Se houver colapso traqueal associado, a profissional esclarece que pode ser indicada a implantação de stents traqueais como um método minimamente invasivo para manter a permeabilidade da via aérea. “Essa técnica visa reduzir os episódios de colapso e melhorar a ventilação, especialmente em pacientes com comprometimento severo da traqueia”, afirma.
Além disso, também devem ser adotadas medidas ambientais para maximizar o conforto e a qualidade de vida do animal. “Dentre os cuidados ambientais podemos citar restrição à exposição ao calor e estresse térmico e controle rigoroso do peso corporal”, finaliza.
FAQ
A síndrome braquicefálica pode trazer prejuízos para a qualidade de vida do animal?
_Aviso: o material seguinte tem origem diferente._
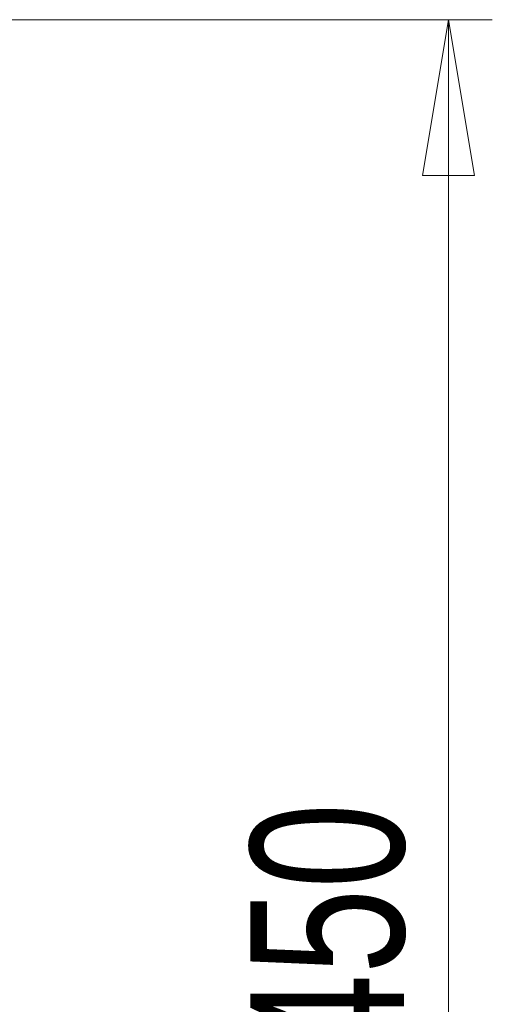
# Model space of a CAD drawing. Header units: millimetres. Extents: x 54 to 123, y 77 to 177.
# Tile 10 of 24: x 73 to 84, y 100 to 122. Entities that reach past the tile are written whole.
import ezdxf

# ---------------------------------------------------------------- set-up
doc = ezdxf.new("R2010")
doc.units = ezdxf.units.MM
doc.styles.add('SLDTEXTSTYLE0', font='TXT', dxfattribs={"width": 0.75})
doc.dimstyles.new('SLDDIMSTYLE0', dxfattribs={"dimtxt": 3.5, "dimasz": 3.556, "dimexe": 0, "dimexo": 0.0625, "dimgap": 0.875, "dimtad": 1, "dimdec": 0, "dimlfac": 10, "dimrnd": 1e-09, "dimzin": 12, "dimdsep": 46, "dimtxsty": 'SLDTEXTSTYLE0', "dimblk1": 'CLOSED', "dimblk2": 'CLOSED', "dimsah": 1, "dimcen": 0.09, "dimadec": 0, "dimazin": 3, "dimtfac": 1, "dimtdec": 0, "dimtofl": 0, "dimtmove": 0, "dimatfit": 3, "dimldrblk": 'CLOSED', "dimfxl": 0, "dimfrac": 2, "dimtolj": 1, "dimtzin": 12, "dimarcsym": 0})

# ---------------------------------------------------------------- blocks, each defined once
blk = doc.blocks.new('_Closed')
at = {"color": 0, "linetype": 'ByBlock', "lineweight": -2}
for p, q in [((-1, 0.166667), (0, 0)), ((-1, 0.166667), (-1, -0.166667)), ((0, 0), (-1, -0.166667)), ((0, 0), (-1, 0))]:
    blk.add_line(p, q, dxfattribs=at)
blk = doc.blocks.new('_D_2')
at = {"color": 7, "linetype": 'Continuous', "lineweight": 0}
for p, q in [((64.616, 122.158), (83.868, 122.158)), ((82.868, 122.158), (82.868, 77.181)), ((64.316, 77.181), (83.868, 77.181))]:
    blk.add_line(p, q, dxfattribs=at)
at = {"color": 7, "linetype": 'Continuous', "lineweight": 18, "xscale": 3.556, "yscale": 3.556}
for p, rotation in [((82.868, 122.158, -18.602), 90.0000000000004), ((82.868, 77.181, -18.602), 270.0000000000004)]:
    blk.add_blockref('_Closed', p, dxfattribs=dict(at, rotation=rotation))
at = {"color": 7, "linetype": 'Continuous', "lineweight": 18, "insert": (78.356, 98.44), "char_height": 3.5, "attachment_point": 1, "rotation": 90, "style": 'SLDTEXTSTYLE0'}
blk.add_mtext('450', dxfattribs=at)

msp = doc.modelspace()

# ---------------------------------------------------------------- dimensions: what is measured, and where the dimension line sits
at = {"color": 7, "linetype": 'Continuous', "lineweight": 18}
dim = msp.add_linear_dim(base=(82.868, 77.181), p1=(63.616, 122.158), p2=(63.316, 77.181), angle=90, dimstyle='SLDDIMSTYLE0', dxfattribs=at)
dim.commit()
dim.dimension.update_dxf_attribs({"geometry": '_D_2', "text_midpoint": (82.868, 102.319), "dimtype": 160})

doc.saveas('drawing.dxf')

Como essa condição pode causar um comprometimento respiratório severo, isso leva a intolerância significativa ao exercício e redução da capacidade funcional para atividades rotineiras, como locomoção e comportamento exploratório.
Existe cura para a síndrome braquicefálica?
A síndrome braquicefálica está associada a conformações craniofaciais congênitas, que não podem ser revertidas de forma definitiva. Porém, as intervenções cirúrgicas corretivas são eficazes para reduzir a obstrução das vias aéreas superiores e promover uma melhora funcional respiratória, gerando alívio dos sinais clínicos.
Como prevenir a condição?
A prevenção da Síndrome Obstrutiva das Vias Aéreas Superiores dos Braquicefálicos se baseia na implementação de critérios genéticos rigorosos para seleção reprodutiva, visando reduzir a transmissão de características craniofaciais extremas.